Return the lines of the data below starting at the one holding "13. board game box (119, 333, 193, 401)" and ending at the one holding "(-15, 28, 9))", word for word, leaving every picture out.

*** Block opens ***

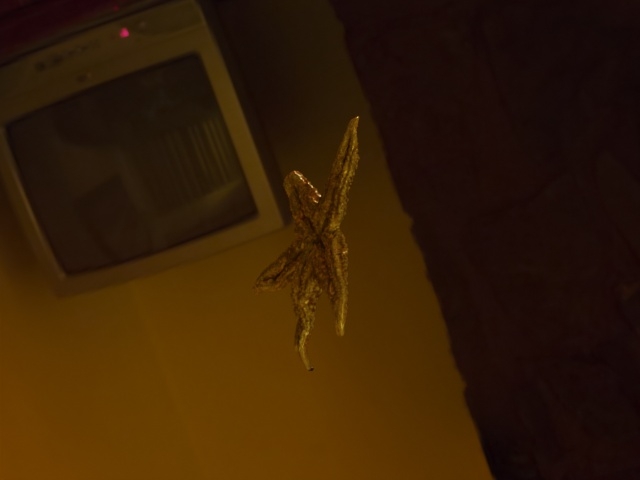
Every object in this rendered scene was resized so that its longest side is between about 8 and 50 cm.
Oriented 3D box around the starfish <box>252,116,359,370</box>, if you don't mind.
[{"bbox_3d":[0.000,0.000,0.370,0.016,0.086,0.092,12,-153,-22],"label":"starfish"}]
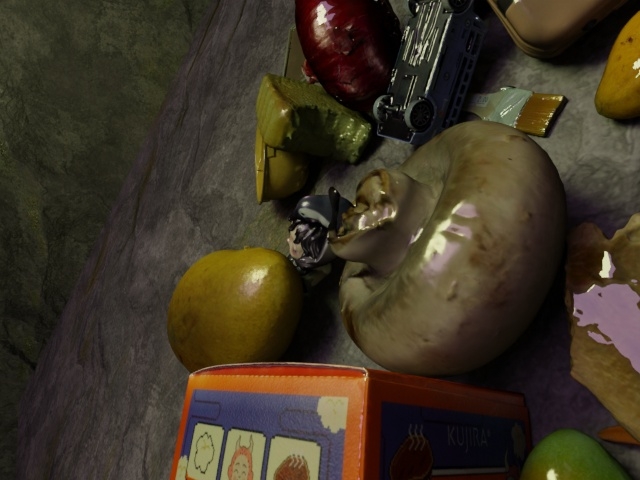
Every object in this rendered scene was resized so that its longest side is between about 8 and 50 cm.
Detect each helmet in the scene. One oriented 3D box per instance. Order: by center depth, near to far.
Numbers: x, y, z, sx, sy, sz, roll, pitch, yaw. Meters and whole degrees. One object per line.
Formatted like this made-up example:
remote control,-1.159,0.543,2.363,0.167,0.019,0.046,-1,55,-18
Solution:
helmet,-0.097,-0.205,1.103,0.257,0.140,0.205,-101,18,-48

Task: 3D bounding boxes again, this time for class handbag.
handbag,0.371,-0.462,0.613,0.301,0.149,0.283,-40,80,29

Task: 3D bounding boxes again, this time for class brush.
brush,0.282,-0.258,0.790,0.336,0.020,0.086,35,98,51

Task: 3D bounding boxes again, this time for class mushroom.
mushroom,0.135,-0.005,0.579,0.362,0.294,0.362,-60,11,19

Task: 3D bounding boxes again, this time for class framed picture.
framed picture,-0.038,-0.621,1.340,0.231,0.024,0.315,-17,58,43

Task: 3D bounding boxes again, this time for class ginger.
ginger,0.366,0.085,0.441,0.221,0.130,0.276,1,71,38

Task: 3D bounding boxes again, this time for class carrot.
carrot,0.370,0.214,0.441,0.142,0.035,0.035,-8,65,53

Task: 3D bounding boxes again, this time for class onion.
onion,0.054,-0.411,0.890,0.232,0.314,0.314,-25,52,21

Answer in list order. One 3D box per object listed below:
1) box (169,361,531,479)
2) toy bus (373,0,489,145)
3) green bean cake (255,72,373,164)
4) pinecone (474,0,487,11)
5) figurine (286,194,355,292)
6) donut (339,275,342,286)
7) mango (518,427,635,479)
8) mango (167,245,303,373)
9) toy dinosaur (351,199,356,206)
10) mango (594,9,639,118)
box,0.041,0.299,0.518,0.318,0.348,0.257,-19,57,43
toy bus,0.208,-0.321,0.767,0.125,0.133,0.292,39,119,56
green bean cake,-0.023,-0.274,0.972,0.124,0.236,0.233,-66,31,35
pinecone,0.215,-0.635,0.791,0.384,0.384,0.385,-25,54,39
figurine,0.000,0.000,0.857,0.222,0.145,0.145,105,157,-48
donut,0.102,0.042,0.805,0.108,0.065,0.166,31,95,51
mango,0.280,0.319,0.402,0.156,0.114,0.251,-29,58,13
mango,-0.182,0.150,0.919,0.445,0.220,0.302,-38,61,42
toy dinosaur,0.064,-0.070,0.929,0.126,0.039,0.162,14,80,52
mango,0.440,-0.239,0.548,0.115,0.089,0.165,29,96,53
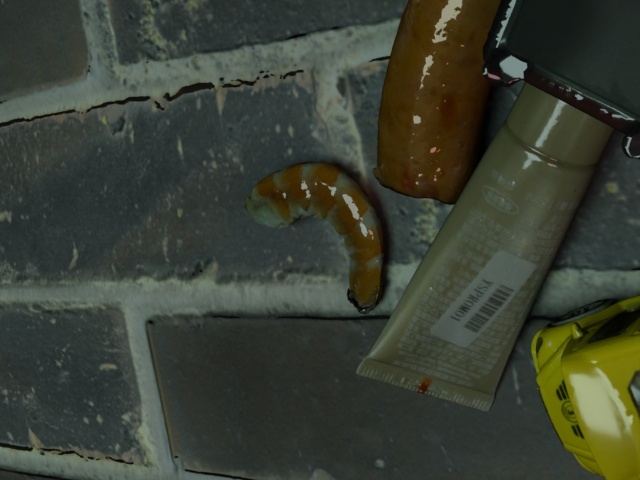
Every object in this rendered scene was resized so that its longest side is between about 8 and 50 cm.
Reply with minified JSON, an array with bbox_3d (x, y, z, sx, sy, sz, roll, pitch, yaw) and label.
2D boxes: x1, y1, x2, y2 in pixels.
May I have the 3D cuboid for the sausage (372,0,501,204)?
[{"bbox_3d":[0.117,-0.164,0.892,0.109,0.109,0.271,33,122,28],"label":"sausage"}]

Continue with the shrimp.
[{"bbox_3d":[0.000,0.000,1.075,0.161,0.049,0.166,-11,103,39],"label":"shrimp"}]

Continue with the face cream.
[{"bbox_3d":[0.153,0.010,0.916,0.137,0.084,0.341,17,120,-9],"label":"face cream"}]

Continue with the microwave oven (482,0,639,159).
[{"bbox_3d":[0.244,-0.207,0.722,0.188,0.178,0.248,34,121,25],"label":"microwave oven"}]

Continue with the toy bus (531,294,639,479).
[{"bbox_3d":[0.299,0.101,0.781,0.330,0.152,0.144,-24,88,41],"label":"toy bus"}]
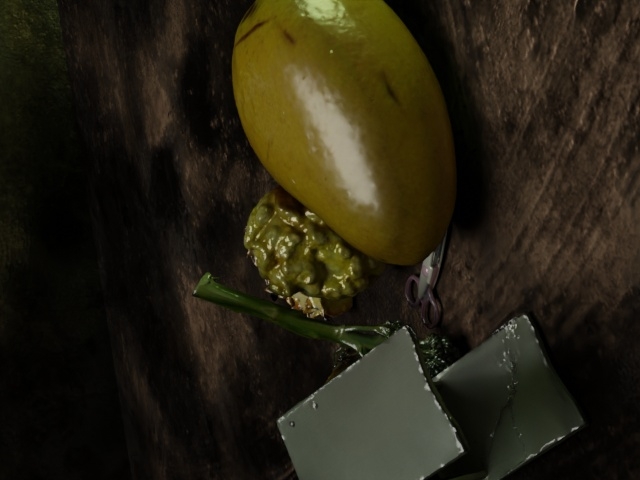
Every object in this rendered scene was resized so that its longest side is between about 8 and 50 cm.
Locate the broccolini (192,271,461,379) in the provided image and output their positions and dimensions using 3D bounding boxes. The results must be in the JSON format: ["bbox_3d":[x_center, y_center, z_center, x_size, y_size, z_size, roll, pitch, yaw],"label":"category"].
[{"bbox_3d":[0.009,0.112,1.628,0.079,0.392,0.074,-33,-39,-82],"label":"broccolini"}]

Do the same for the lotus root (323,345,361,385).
[{"bbox_3d":[0.111,0.326,1.655,0.179,0.196,0.397,-58,46,51],"label":"lotus root"}]

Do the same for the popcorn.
[{"bbox_3d":[-0.002,-0.002,1.715,0.189,0.218,0.169,-87,12,-66],"label":"popcorn"}]

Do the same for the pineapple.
[{"bbox_3d":[-0.021,0.024,1.902,0.236,0.115,0.186,46,141,31],"label":"pineapple"}]

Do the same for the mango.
[{"bbox_3d":[0.031,-0.159,1.562,0.301,0.221,0.445,-47,58,43],"label":"mango"}]

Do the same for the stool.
[{"bbox_3d":[0.132,0.227,1.423,0.270,0.244,0.170,-42,62,36],"label":"stool"}]

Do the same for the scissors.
[{"bbox_3d":[0.154,0.045,1.635,0.085,0.022,0.176,56,149,39],"label":"scissors"}]
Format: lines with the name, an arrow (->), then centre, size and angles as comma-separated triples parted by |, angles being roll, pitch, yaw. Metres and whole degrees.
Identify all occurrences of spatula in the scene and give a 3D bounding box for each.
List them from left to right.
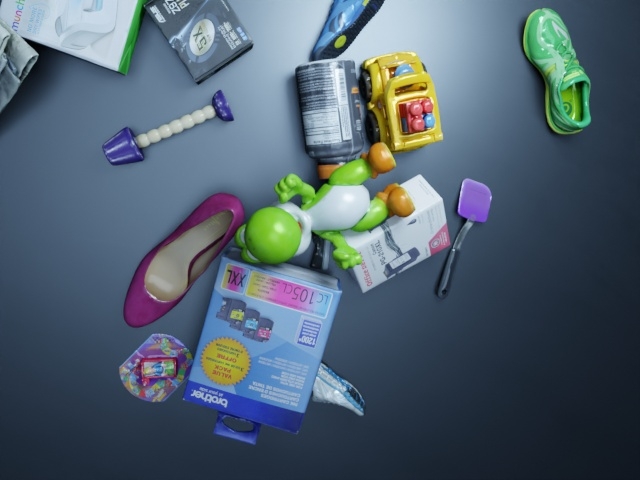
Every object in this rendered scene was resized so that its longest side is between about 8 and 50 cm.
spatula -> 0.339, 0.002, 1.391 | 0.084, 0.030, 0.296 | 16, 97, -14

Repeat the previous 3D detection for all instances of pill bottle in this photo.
pill bottle -> 0.023, -0.258, 1.242 | 0.131, 0.130, 0.245 | -9, 102, -8

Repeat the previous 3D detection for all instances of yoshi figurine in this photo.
yoshi figurine -> -0.004, -0.046, 1.136 | 0.362, 0.203, 0.203 | -26, 148, 3

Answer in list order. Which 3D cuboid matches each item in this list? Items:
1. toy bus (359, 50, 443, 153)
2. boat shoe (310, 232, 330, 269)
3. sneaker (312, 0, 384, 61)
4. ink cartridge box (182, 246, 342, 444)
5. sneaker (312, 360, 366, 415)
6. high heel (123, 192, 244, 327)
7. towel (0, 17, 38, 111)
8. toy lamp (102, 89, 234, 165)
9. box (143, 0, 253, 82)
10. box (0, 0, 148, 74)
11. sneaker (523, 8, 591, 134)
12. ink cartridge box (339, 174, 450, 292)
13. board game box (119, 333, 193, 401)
toy bus -> 0.181, -0.295, 1.221 | 0.150, 0.211, 0.220 | -12, 100, -5
boat shoe -> 0.000, 0.000, 1.327 | 0.040, 0.049, 0.142 | 1, 102, -9
sneaker -> 0.047, -0.479, 1.247 | 0.209, 0.069, 0.082 | -48, 71, 10
ink cartridge box -> -0.133, 0.245, 1.279 | 0.270, 0.151, 0.395 | 16, 99, 0
sneaker -> 0.026, 0.369, 1.395 | 0.191, 0.071, 0.083 | 41, 98, -5
high heel -> -0.303, 0.049, 1.217 | 0.127, 0.181, 0.377 | 35, 93, -13
towel -> -0.725, -0.353, 1.075 | 0.324, 0.056, 0.312 | 44, 117, -12
toy lamp -> -0.323, -0.234, 1.219 | 0.275, 0.080, 0.080 | -24, 103, -7
box -> -0.248, -0.441, 1.191 | 0.147, 0.077, 0.180 | -34, 104, -1
box -> -0.464, -0.491, 1.124 | 0.231, 0.127, 0.261 | 18, 98, -14
sneaker -> 0.556, -0.387, 1.308 | 0.110, 0.123, 0.295 | -24, 102, -4
ink cartridge box -> 0.156, -0.011, 1.286 | 0.237, 0.100, 0.172 | -29, 140, -3
board game box -> -0.378, 0.302, 1.328 | 0.169, 0.033, 0.133 | -45, 104, 1
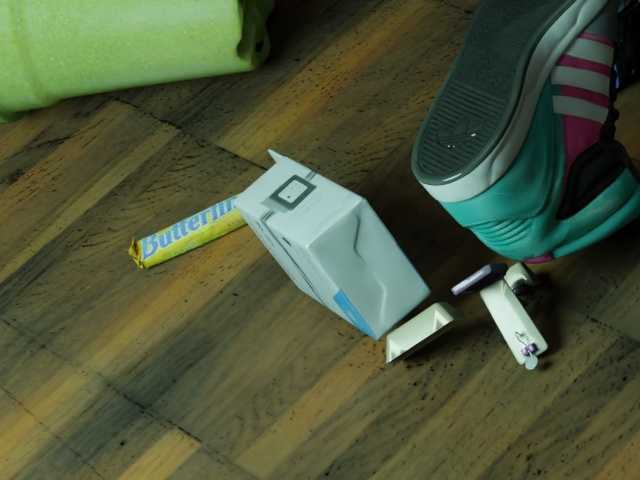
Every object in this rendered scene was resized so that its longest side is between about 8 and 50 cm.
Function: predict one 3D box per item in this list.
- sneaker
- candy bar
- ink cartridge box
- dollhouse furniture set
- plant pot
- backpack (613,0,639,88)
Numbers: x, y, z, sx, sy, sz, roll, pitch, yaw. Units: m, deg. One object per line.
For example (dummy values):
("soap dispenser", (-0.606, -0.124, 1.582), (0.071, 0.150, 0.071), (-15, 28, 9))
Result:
("sneaker", (0.194, -0.095, 1.516), (0.124, 0.178, 0.295), (-2, 47, 45))
("candy bar", (-0.091, -0.017, 1.702), (0.161, 0.018, 0.040), (-24, 39, -2))
("ink cartridge box", (0.000, 0.000, 1.550), (0.060, 0.104, 0.180), (-42, 28, -9))
("dollhouse furniture set", (0.118, 0.080, 1.497), (0.114, 0.091, 0.081), (-35, 78, 21))
("plant pot", (-0.179, -0.246, 1.841), (0.254, 0.276, 0.276), (1, 44, 11))
("backpack", (0.227, -0.236, 1.669), (0.117, 0.173, 0.158), (-31, 39, -8))
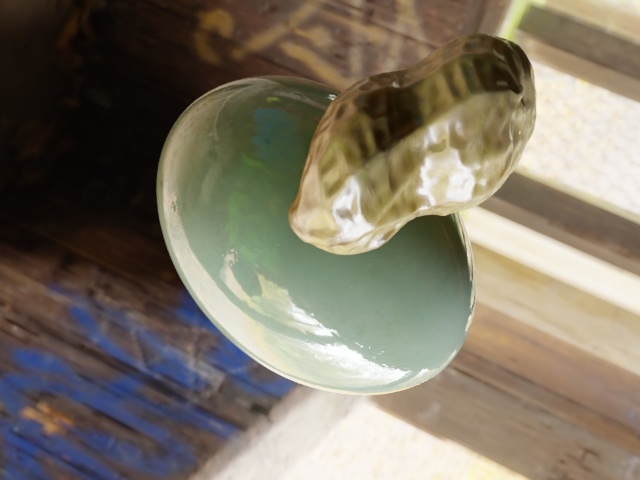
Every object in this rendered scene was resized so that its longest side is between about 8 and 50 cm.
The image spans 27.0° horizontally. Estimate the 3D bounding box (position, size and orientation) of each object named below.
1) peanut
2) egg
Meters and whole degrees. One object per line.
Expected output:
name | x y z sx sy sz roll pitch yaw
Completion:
peanut | 0.077 -0.073 1.105 0.233 0.110 0.197 -22 152 -12
egg | 0.000 0.000 1.370 0.276 0.389 0.276 -38 -155 21
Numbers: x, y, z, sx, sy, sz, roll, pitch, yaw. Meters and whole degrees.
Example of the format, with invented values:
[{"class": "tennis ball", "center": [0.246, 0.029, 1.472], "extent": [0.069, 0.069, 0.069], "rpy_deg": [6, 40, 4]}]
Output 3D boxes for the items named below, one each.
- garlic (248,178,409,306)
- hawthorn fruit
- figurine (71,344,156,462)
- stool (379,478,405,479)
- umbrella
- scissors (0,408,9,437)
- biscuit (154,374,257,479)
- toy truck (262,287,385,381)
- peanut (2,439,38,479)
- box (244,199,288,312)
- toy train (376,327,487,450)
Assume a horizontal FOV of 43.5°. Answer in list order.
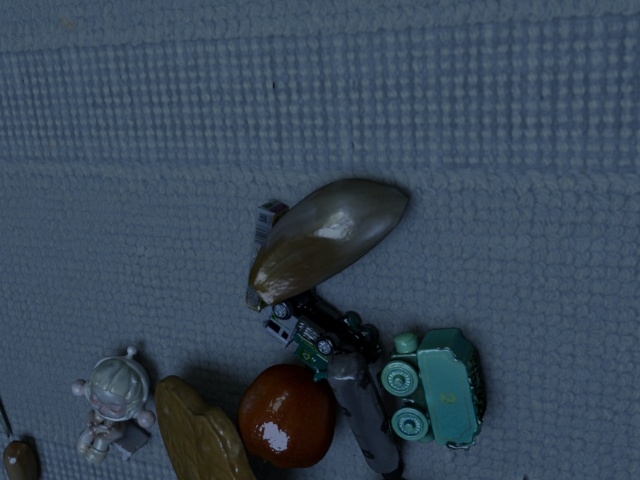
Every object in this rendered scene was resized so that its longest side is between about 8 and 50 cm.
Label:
[{"class": "garlic", "center": [-0.003, -0.009, 1.353], "extent": [0.318, 0.112, 0.143], "rpy_deg": [-37, 72, 24]}, {"class": "hawthorn fruit", "center": [-0.052, 0.308, 1.491], "extent": [0.196, 0.196, 0.225], "rpy_deg": [22, 88, 18]}, {"class": "figurine", "center": [-0.428, 0.346, 1.710], "extent": [0.182, 0.144, 0.257], "rpy_deg": [42, 126, 31]}, {"class": "stool", "center": [0.129, 0.601, 1.486], "extent": [0.179, 0.179, 0.264], "rpy_deg": [19, 116, 20]}, {"class": "umbrella", "center": [0.086, 0.318, 1.404], "extent": [0.073, 0.067, 0.337], "rpy_deg": [1, 135, 26]}, {"class": "scissors", "center": [-0.812, 0.348, 1.961], "extent": [0.109, 0.022, 0.300], "rpy_deg": [-9, 105, 33]}, {"class": "biscuit", "center": [-0.224, 0.459, 1.584], "extent": [0.365, 0.062, 0.385], "rpy_deg": [17, 127, 52]}, {"class": "toy truck", "center": [-0.003, 0.178, 1.443], "extent": [0.216, 0.110, 0.116], "rpy_deg": [35, 124, 13]}, {"class": "peanut", "center": [-0.731, 0.555, 1.964], "extent": [0.076, 0.076, 0.152], "rpy_deg": [6, 114, 25]}, {"class": "box", "center": [-0.101, 0.030, 1.470], "extent": [0.041, 0.050, 0.207], "rpy_deg": [20, 116, 23]}, {"class": "toy train", "center": [0.195, 0.251, 1.370], "extent": [0.163, 0.112, 0.203], "rpy_deg": [-8, 106, 21]}]
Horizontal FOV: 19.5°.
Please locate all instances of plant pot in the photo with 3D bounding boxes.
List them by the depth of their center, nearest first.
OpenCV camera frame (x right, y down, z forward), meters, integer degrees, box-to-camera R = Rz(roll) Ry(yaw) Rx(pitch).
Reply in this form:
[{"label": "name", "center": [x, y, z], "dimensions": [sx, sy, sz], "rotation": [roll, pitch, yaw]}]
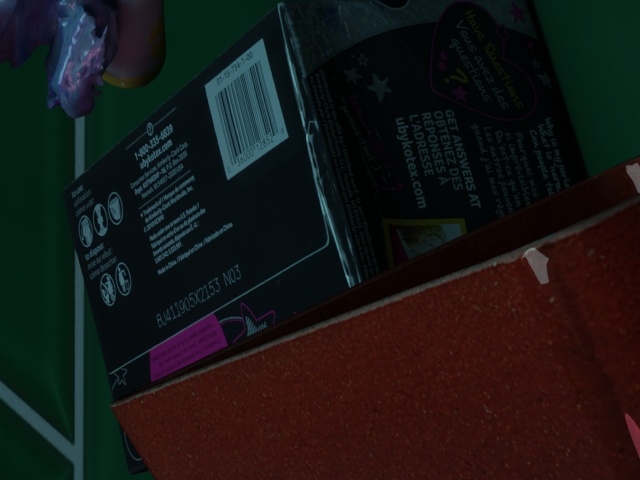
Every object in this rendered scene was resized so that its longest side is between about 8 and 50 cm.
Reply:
[{"label": "plant pot", "center": [0.135, 0.089, 0.605], "dimensions": [0.267, 0.267, 0.235], "rotation": [-24, 90, 58]}]

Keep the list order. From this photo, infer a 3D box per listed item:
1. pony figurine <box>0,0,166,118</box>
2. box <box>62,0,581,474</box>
[{"label": "pony figurine", "center": [-0.075, -0.213, 0.807], "dimensions": [0.303, 0.351, 0.363], "rotation": [39, 138, 4]}, {"label": "box", "center": [0.000, 0.000, 0.891], "dimensions": [0.247, 0.142, 0.163], "rotation": [-32, 70, 54]}]
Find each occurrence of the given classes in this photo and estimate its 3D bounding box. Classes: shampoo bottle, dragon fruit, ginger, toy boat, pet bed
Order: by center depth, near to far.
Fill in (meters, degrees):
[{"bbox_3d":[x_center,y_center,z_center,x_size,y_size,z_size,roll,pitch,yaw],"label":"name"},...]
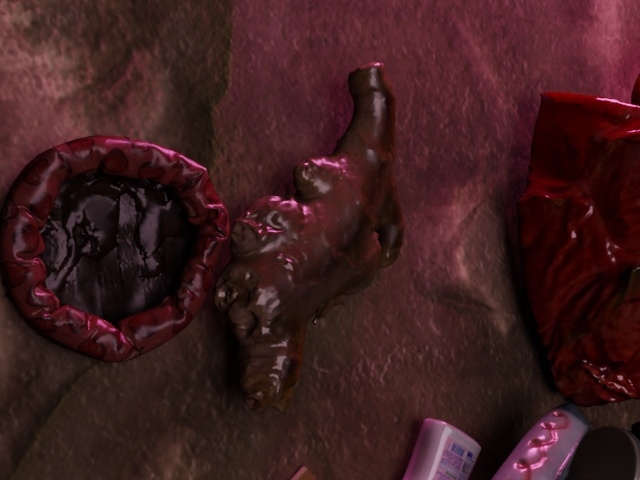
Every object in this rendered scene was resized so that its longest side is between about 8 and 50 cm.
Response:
[{"bbox_3d":[-0.172,0.004,0.927,0.201,0.053,0.201,2,87,-28],"label":"pet bed"},{"bbox_3d":[-0.001,0.002,1.029,0.166,0.080,0.333,54,54,-36],"label":"ginger"},{"bbox_3d":[0.115,0.235,1.107,0.072,0.043,0.099,36,69,-34],"label":"shampoo bottle"},{"bbox_3d":[0.197,0.248,1.121,0.079,0.134,0.207,30,47,17],"label":"toy boat"},{"bbox_3d":[0.359,0.033,1.223,0.240,0.302,0.330,4,102,-65],"label":"dragon fruit"}]

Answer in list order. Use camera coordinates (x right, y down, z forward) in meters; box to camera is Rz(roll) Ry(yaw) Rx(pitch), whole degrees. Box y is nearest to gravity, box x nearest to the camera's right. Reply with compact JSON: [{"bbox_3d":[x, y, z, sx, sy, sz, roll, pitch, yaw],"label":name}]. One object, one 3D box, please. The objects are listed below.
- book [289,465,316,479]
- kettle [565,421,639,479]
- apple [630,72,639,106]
[{"bbox_3d":[-0.005,0.313,1.041,0.118,0.012,0.172,-44,110,-27],"label":"book"},{"bbox_3d":[0.372,0.323,1.232,0.243,0.160,0.211,27,101,-22],"label":"kettle"},{"bbox_3d":[0.450,-0.158,1.281,0.168,0.181,0.181,-37,108,-9],"label":"apple"}]
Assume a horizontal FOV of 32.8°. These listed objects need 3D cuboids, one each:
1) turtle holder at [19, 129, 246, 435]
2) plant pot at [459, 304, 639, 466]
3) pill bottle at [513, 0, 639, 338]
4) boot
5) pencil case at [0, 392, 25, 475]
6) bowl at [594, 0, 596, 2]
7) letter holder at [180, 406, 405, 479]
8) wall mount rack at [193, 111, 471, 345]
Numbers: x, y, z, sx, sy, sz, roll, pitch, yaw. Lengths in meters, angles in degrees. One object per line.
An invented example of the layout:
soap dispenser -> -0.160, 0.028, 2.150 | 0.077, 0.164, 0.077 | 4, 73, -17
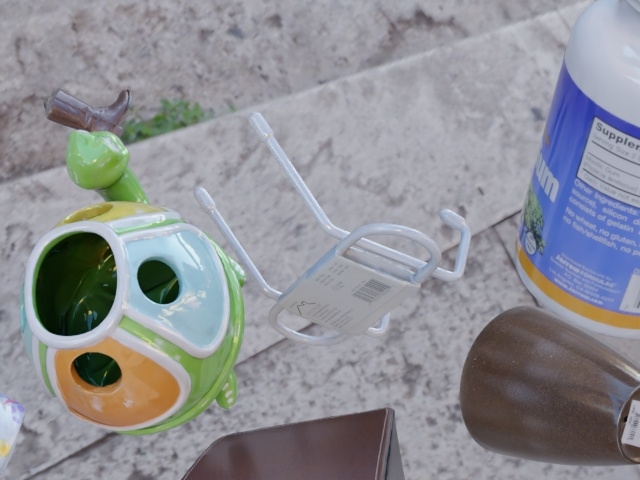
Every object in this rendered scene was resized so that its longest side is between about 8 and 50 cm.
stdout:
turtle holder -> -0.208, 0.047, 1.208 | 0.227, 0.243, 0.320 | 47, 58, -63
plant pot -> 0.341, 0.213, 1.444 | 0.215, 0.230, 0.215 | -6, 101, -33
pill bottle -> 0.231, -0.077, 0.742 | 0.152, 0.272, 0.152 | 4, 40, -3
boot -> -0.338, -0.199, 1.577 | 0.114, 0.037, 0.106 | 23, 52, -18
pencil case -> -0.409, 0.144, 0.986 | 0.273, 0.113, 0.124 | 34, 87, -24
bowl -> 0.506, -0.267, 1.367 | 0.289, 0.289, 0.156 | 15, 52, -34
letter holder -> -0.027, 0.290, 1.057 | 0.302, 0.214, 0.152 | -54, 135, -80
wall mount rack -> 0.000, 0.000, 1.341 | 0.304, 0.350, 0.130 | 23, 58, -15
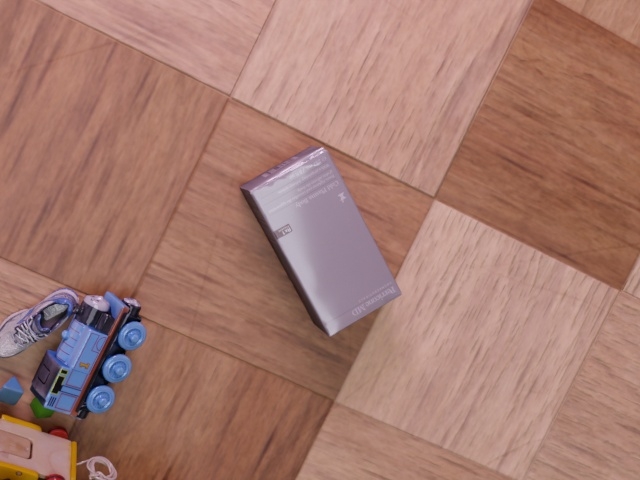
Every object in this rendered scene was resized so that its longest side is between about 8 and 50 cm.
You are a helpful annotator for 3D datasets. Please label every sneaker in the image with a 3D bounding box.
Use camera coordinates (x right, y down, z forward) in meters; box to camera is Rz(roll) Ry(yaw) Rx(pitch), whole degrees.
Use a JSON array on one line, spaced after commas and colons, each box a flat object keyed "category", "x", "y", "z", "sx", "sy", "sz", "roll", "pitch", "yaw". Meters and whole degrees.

*** Block closes ***

Expected output:
13. board game box (119, 333, 193, 401)
toy bus -> 0.181, -0.295, 1.221 | 0.150, 0.211, 0.220 | -12, 100, -5
boat shoe -> 0.000, 0.000, 1.327 | 0.040, 0.049, 0.142 | 1, 102, -9
sneaker -> 0.047, -0.479, 1.247 | 0.209, 0.069, 0.082 | -48, 71, 10
ink cartridge box -> -0.133, 0.245, 1.279 | 0.270, 0.151, 0.395 | 16, 99, 0
sneaker -> 0.026, 0.369, 1.395 | 0.191, 0.071, 0.083 | 41, 98, -5
high heel -> -0.303, 0.049, 1.217 | 0.127, 0.181, 0.377 | 35, 93, -13
towel -> -0.725, -0.353, 1.075 | 0.324, 0.056, 0.312 | 44, 117, -12
toy lamp -> -0.323, -0.234, 1.219 | 0.275, 0.080, 0.080 | -24, 103, -7
box -> -0.248, -0.441, 1.191 | 0.147, 0.077, 0.180 | -34, 104, -1
box -> -0.464, -0.491, 1.124 | 0.231, 0.127, 0.261 | 18, 98, -14
sneaker -> 0.556, -0.387, 1.308 | 0.110, 0.123, 0.295 | -24, 102, -4
ink cartridge box -> 0.156, -0.011, 1.286 | 0.237, 0.100, 0.172 | -29, 140, -3
board game box -> -0.378, 0.302, 1.328 | 0.169, 0.033, 0.133 | -45, 104, 1
Every object in this rendered scene was resized so that its longest side is between about 8 and 50 cm.
Function: predict one 3D box per item in this list.
- sneaker
- candy bar
- ink cartridge box
- dollhouse furniture set
- plant pot
- backpack (613,0,639,88)
Numbers: x, y, z, sx, sy, sz, roll, pitch, yaw. Units: m, deg. One object per line.
For example (dummy values):
("soap dispenser", (-0.606, -0.124, 1.582), (0.071, 0.150, 0.071), (-15, 28, 9))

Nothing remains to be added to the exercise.